The computer services provider, Wipro Ltd reported a 10% sequential increase in revenues of its global IT services and BPO business. Volumes of the organic IT services business grew by 7.7%, in line with Infosys Technologies Ltd and slightly lower than that of Tata Consultancy Services (8.2%). The revenue growth was higher than its peers, partly because of the integration of Infocrossing (in September) and to a large extent due to forex fluctuations. The net impact of the fluctuations was a contribution of Rs18 crore to revenue and profit last quarter, compared with a hit of Rs57 crore in the June quarter. Adjusted for the forex impact and the contribution from Infocrossing, revenue growth was lower at 6.6% in rupee terms.
Similarly, adjusted earnings before interest and tax rose just 1.9% quarter-on-quarter, implying a hit of over 100 basis points on margins. (Wipro includes gains from forex hedging in revenues and profit, based on its belief that it’s an integral part of its performance. By that measure, margins have improved by 90 basis points for the organic business.) Wipro gave its IT services employees wage hikes effective August, which hit margins by 160 basis points. This was partly offset by an improvement in pricing, higher utilization and an increase in the proportion of inexperienced (and hence lower cost) employees. As much as 80% of the net additions last quarter were freshers. Employee utilization increased by more than 400 basis points in the IT services business and by 500 basis points in the BPO division.
Analysts see little improvement possible from the utilization rate of 79.3% achieved in the IT services business. After all, much of this came from a sharp drop in employee addition. Net employee adds (excluding Infocrossing) last quarter were just 3,537, lower than last year’s levels by one-third.

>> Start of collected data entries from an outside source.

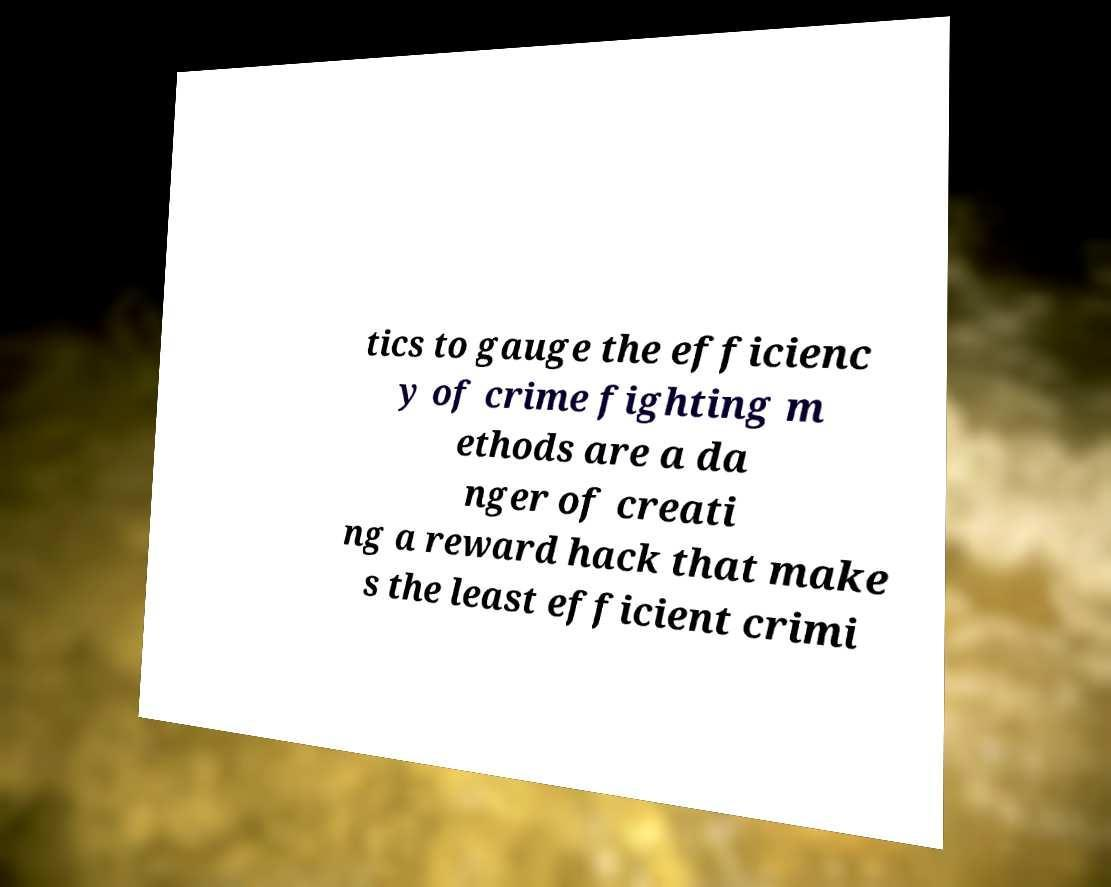What messages or text are displayed in this image? I need them in a readable, typed format. tics to gauge the efficienc y of crime fighting m ethods are a da nger of creati ng a reward hack that make s the least efficient crimi 
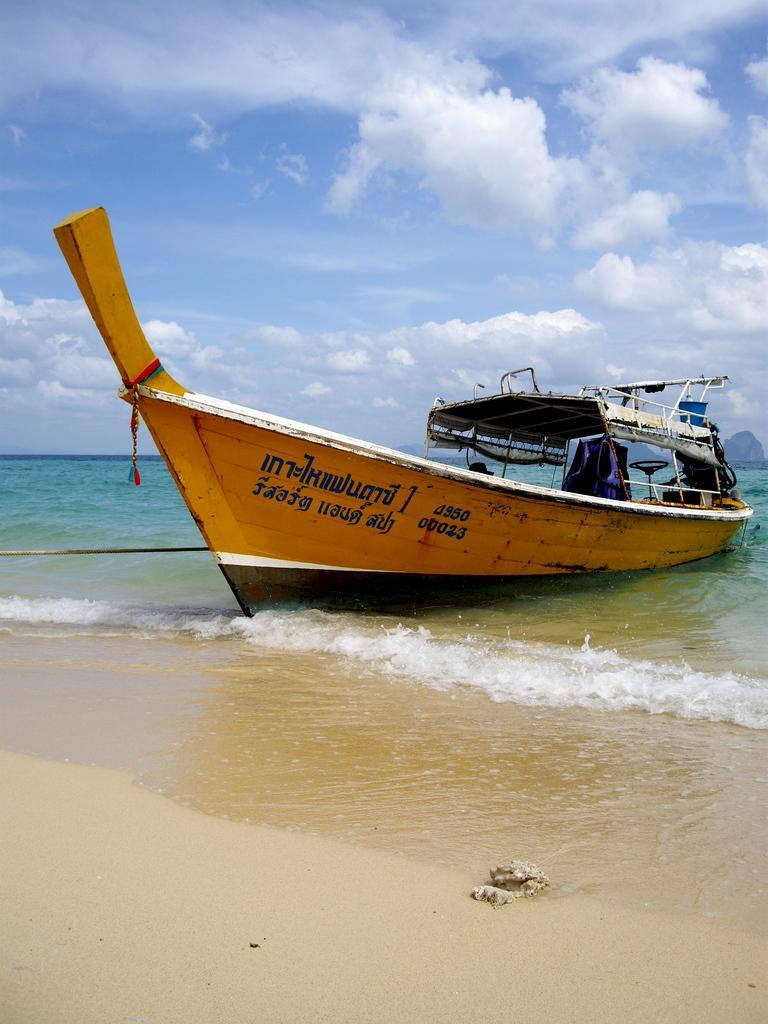Describe this image in one or two sentences. In this image I see the sand and I see boat over here which is of white, orange and brown in color and I see something is written over here and I see the water. In the background I see the clear sky. 
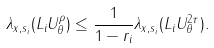Convert formula to latex. <formula><loc_0><loc_0><loc_500><loc_500>\lambda _ { x , s _ { i } } ( L _ { i } U _ { \theta } ^ { \rho } ) \leq \frac { 1 } { 1 - r _ { i } } \lambda _ { x , s _ { i } } ( L _ { i } U _ { \theta } ^ { 2 \tau } ) .</formula> 
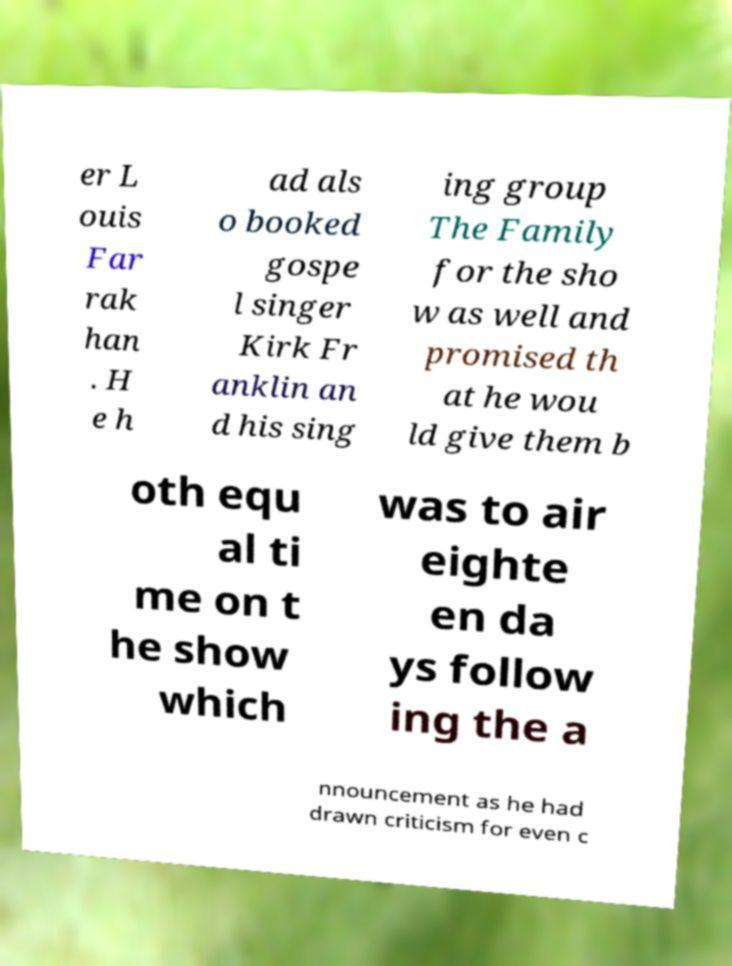Could you extract and type out the text from this image? er L ouis Far rak han . H e h ad als o booked gospe l singer Kirk Fr anklin an d his sing ing group The Family for the sho w as well and promised th at he wou ld give them b oth equ al ti me on t he show which was to air eighte en da ys follow ing the a nnouncement as he had drawn criticism for even c

But this doesn’t necessarily mean that the outlook for demand is bleak. Wipro expects organic IT services and BPO business to grow 7% in dollar terms in the December quarter. Not only is this target high by Wipro’s standards, it must also be noted that October-December is normally a lean quarter owing to a high number of holidays in the Western markets.
The key highlight of last quarter’s results was that average billing rates improved, after remaining flat for the previous five quarters. Blended offshore and onsite rates rose by 1.9% quarter on quarter, which came as a welcome relief for analysts, since Wipro’s peers have reported an improvement in realizations for some time now.
Wipro’s year-on-year performance demonstrates that the company is still playing catch-up. Earnings have grown just 9.1% on a year-on-year basis. (Both Infosys and Tata Consultancy Services Ltd grew earnings by around 20% on a y-o-y basis.) The consolation is that growth was slightly better than that recorded in the June quarter (5.7%).
But despite much lower y-o-y growth than its peers, Wipro shares trade at the same trailing valuations as TCS (23 times) and have almost tracked Infosys’ share price movement this year.
The profit after tax for the September quarter of Rs 1,003 crore reported ICICI Bank Ltd easily beat the street. At the operating level, profits were up 38% to Rs1,887 crore. The bank was expected to do well in the September quarter, since the impact of the large amount of capital raised last June was fully felt during the quarter.
And yet, operating profit growth at 38% has been lower than the 58% growth notched up during the June quarter. The more tepid rate of growth wasn’t on account of net interest margin—interest expended as a percentage of interest earned was 76.2% last quarter, compared with 78% for the half-year. It wasn’t on account of non-interest income (other than treasury income) either—this was up 43% year-on-year in the second quarter, compared with a growth rate of 39% in the first quarter.
Operating expenses too were contained. Lower treasury income was the spoiler, falling by 27% year-on-year during the quarter, compared with a substantial growth in the June quarter.
Growth in advances was at 33% during the quarter, lower than the rate of growth in the first quarter, but well above the growth rate for the sector. The proportion of low-cost current and savings deposits is increasing, especially with the acquisition of Sangli Bank.
Retail lending took a breather and the proportion of retail loans to the bank’s total advances went down to 63%, from 64% at the end of June. International branches now account for 17.9% of total lending, against 16.4% in June.
Each of the subsidiary businesses—ICICI Prudential Life Insurance Co. Ltd, ICICI Lombard General Insurance Co. Ltd and ICICI Asset Management Co.—considerably extended their franchise.
The problem is that asset quality continues to deteriorate, with the bank’s net non-performing assets at 1.4% of total customer assets at the end of September, up from 1.3% at end-June and 0.98% at end-March. This was despite a sharp rise in provisions. But with the economy continuing to do well and having already raised substantial resources, there’s no reason why ICICI Bank will not be able to leverage its relationships and balance sheet size to aggressively lend to the corporate sector. That should be the bank’s next growth driver.